Railroads only add +1 production to lumbermills and mines.

pholkhero
Mar 01, 2006, 11:59 AM
A good rule of thumb i use is that the very first action of the very first worker each new city produces is to connect the city to the capital via roads.

obviously, too, we don't need roads everywhere b/c they no longer give any benefit, but i still do that? Odd.

lawren65
Mar 01, 2006, 03:13 PM
roads in the early game? I guess they might be useful for getting my workers to the forests to chop them down ;)

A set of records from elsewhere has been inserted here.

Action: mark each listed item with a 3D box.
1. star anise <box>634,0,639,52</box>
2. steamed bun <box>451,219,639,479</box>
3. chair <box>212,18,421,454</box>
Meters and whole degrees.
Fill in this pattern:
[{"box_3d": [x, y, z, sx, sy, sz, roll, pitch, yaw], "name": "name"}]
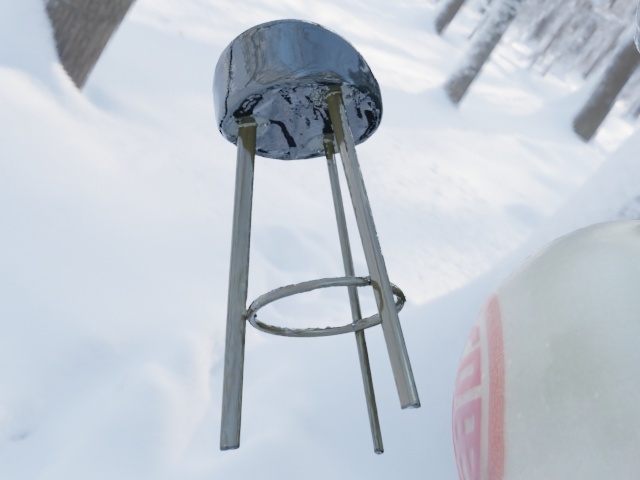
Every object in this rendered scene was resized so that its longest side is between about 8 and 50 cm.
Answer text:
[{"box_3d": [0.346, -0.305, 0.872, 0.139, 0.316, 0.359, 0, 46, -39], "name": "star anise"}, {"box_3d": [0.179, 0.123, 0.680, 0.177, 0.283, 0.283, 2, 17, 4], "name": "steamed bun"}, {"box_3d": [-0.001, 0.000, 0.529, 0.095, 0.104, 0.222, 34, 45, -63], "name": "chair"}]
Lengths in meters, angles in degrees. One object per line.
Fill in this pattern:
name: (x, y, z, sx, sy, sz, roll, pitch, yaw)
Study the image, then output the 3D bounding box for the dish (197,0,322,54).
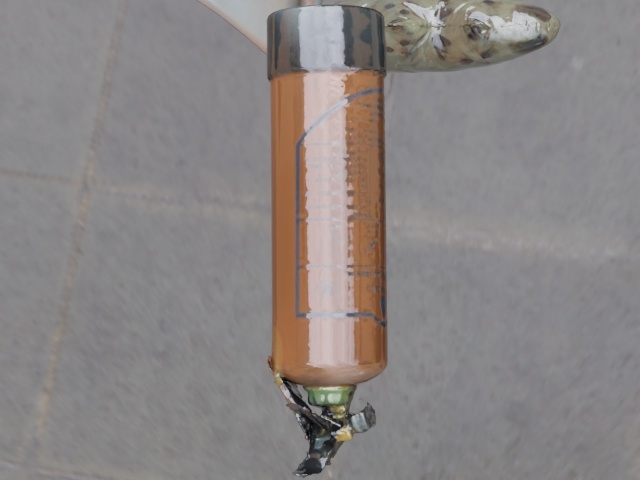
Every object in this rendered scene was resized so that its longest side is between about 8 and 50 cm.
dish: (-0.086, -0.163, 0.645, 0.212, 0.151, 0.077, 26, 76, 12)

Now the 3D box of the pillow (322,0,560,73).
pillow: (0.035, -0.131, 1.087, 0.241, 0.093, 0.051, 5, 91, 46)

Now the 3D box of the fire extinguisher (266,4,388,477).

Seriously, roads are great for spreading luxuries/health resources and for troop movements, but in the early game I find I don't have the luxury or need to have them building roads.

I find in general:
at lower levels my cities don't need lux/heath resources right away so my worker are busy doing something else (such as spamming cottages)
at higher levels (emporer) my workers are too busy chopping (often other workers) just to keep up that I rarely have time to build roads -- so as high levels i try to use rivers and ocenas to connect as many cities as i can

JerichoHill
Mar 01, 2006, 05:52 PM
to the op, if yorue stuck in a war strat youneed to learn other strategies

ownedbyakorat
Mar 01, 2006, 06:34 PM
I tend to build roads on the squares diagonally adjacent to the capital as soon as there is nothing more obviously productive to do with the worker, for mobility purposes - it doubles the "reach" of any unit in the capital. (There's no advantage in moving horizontally or vertically vs. moving diagonally absent other factors such as enemies or impassible terrain.)

Also as soon as a new city is established, a connecting road is a priority for both economic and military purposes. Often I will build roads in anticipation of founding a city as described by another poster above, as well.

S.ilver
Mar 01, 2006, 07:13 PM
obviously, too, we don't need roads everywhere b/c they no longer give any benefit, but i still do that? Odd.

I dunno. I find the added mobility very helpful, especially when you're moving something other than workers, which now have 2 movement. My rationale is if I can help a unit get somewhere faster, I might as well do so. Besides, it seems that workers can still improve terrain faster than cities can grow, so it's unlikely you'll get behind in improvements if you road the place up.